Antibiotici, ma con giudizio. Un monito che arriva dall’Organizzazione mondiale della sanità (Who), che anche quest’anno ha organizzato la Settimana mondiale della consapevolezza sugli antibiotici (World Antibiotics Awareness Week), con lo scopo di promuovere, per l’appunto, l’utilizzo più ragionato e cosciente possibile di uno strumento terapeutico al tempo stesso potente e pericoloso – e il cui consumo è spesso abusato. Il motto di quest’anno è un mantra su cui gli esperti battono da tempo: “Consultati con il tuo medico prima di assumere antibiotici”, dal momento che, per l’appunto, l’abuso o l’uso scorretto degli antibiotici rappresenta un problema non indifferente sia per la salute individuale che per quella pubblica – è il dibattutissimo tema dell’antibiotico-resistenza. Abbiamo provato a mettere insieme i miti, i luoghi comuni e le domande più frequenti relative agli antibiotici: di seguito il nostro piccolo vademecum.

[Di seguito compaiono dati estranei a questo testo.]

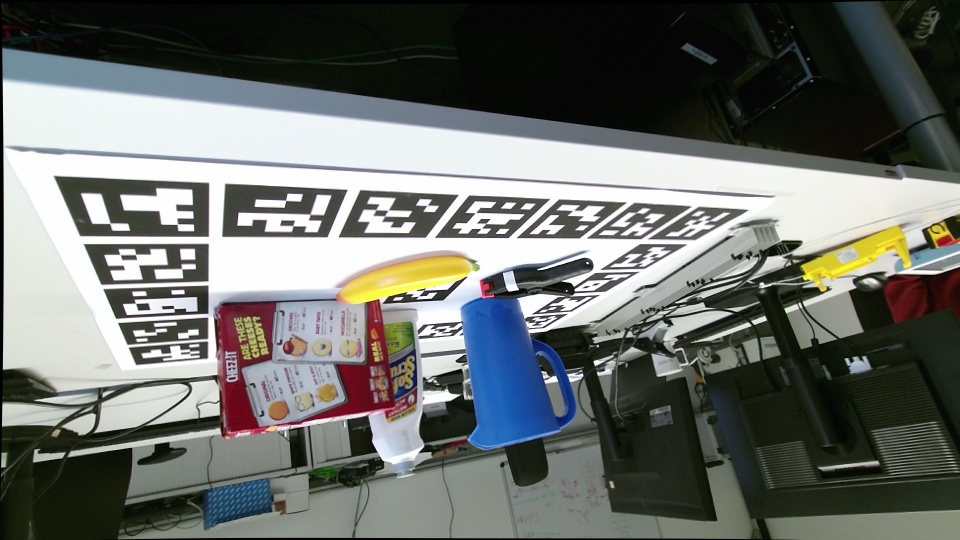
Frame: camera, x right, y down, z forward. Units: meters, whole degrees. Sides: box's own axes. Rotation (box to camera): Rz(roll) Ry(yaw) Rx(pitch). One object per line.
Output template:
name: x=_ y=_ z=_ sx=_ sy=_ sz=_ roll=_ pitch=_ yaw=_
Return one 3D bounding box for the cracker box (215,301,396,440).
cracker box: x=-0.236 y=0.133 z=0.732 sx=0.214 sy=0.163 sz=0.072 roll=-2 pitch=161 yaw=-31

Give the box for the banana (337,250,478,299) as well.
banana: x=-0.103 y=0.005 z=0.716 sx=0.198 sy=0.038 sz=0.074 roll=-14 pitch=161 yaw=3

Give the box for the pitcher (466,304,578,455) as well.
pitcher: x=0.058 y=0.184 z=0.911 sx=0.189 sy=0.241 sz=0.133 roll=-6 pitch=160 yaw=-10

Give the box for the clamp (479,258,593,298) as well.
clamp: x=0.081 y=0.018 z=0.840 sx=0.166 sy=0.036 sz=0.122 roll=-6 pitch=161 yaw=-13

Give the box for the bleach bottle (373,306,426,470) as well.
bleach bottle: x=-0.128 y=0.185 z=0.858 sx=0.103 sy=0.249 sz=0.068 roll=-2 pitch=158 yaw=-29
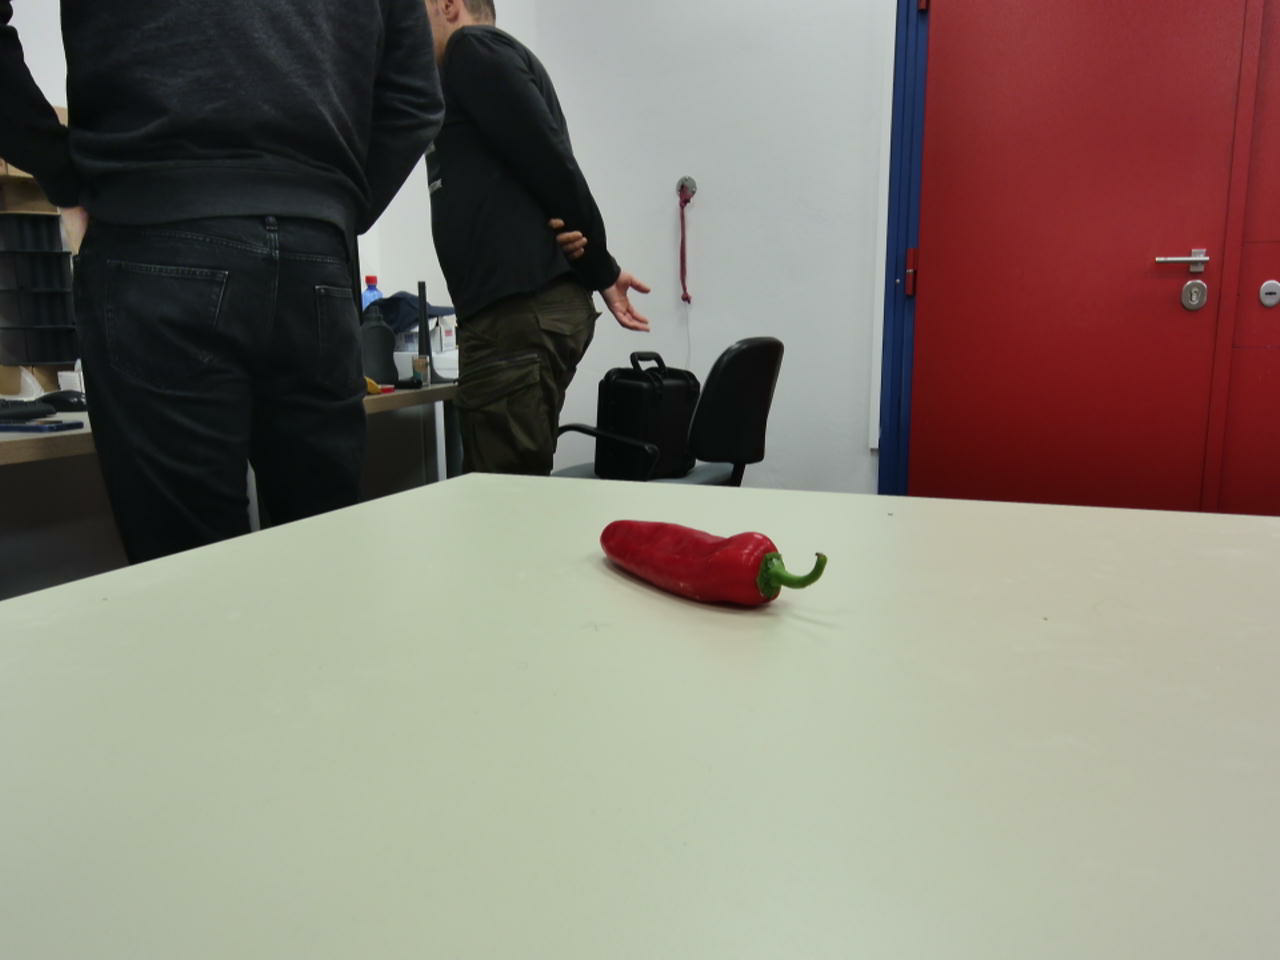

1. Non trattano le infezioni virali
Potrebbe sembrare un’informazione ovvia. Ma non lo è, tanto che la stessa Organizzazione Mondiale della Sanità è tornata a ribadirlo e che, per esempio, uno studio condotto nel 2012 ha svelato che un americano su tre è convinto che gli antibiotici siano efficaci contro il raffreddore. In verità, gli antibiotici funzionano solo e soltanto contro le infezioni batteriche, e sono del tutto inefficaci contro le infezioni virali, come, per esempio, influenza e raffreddore).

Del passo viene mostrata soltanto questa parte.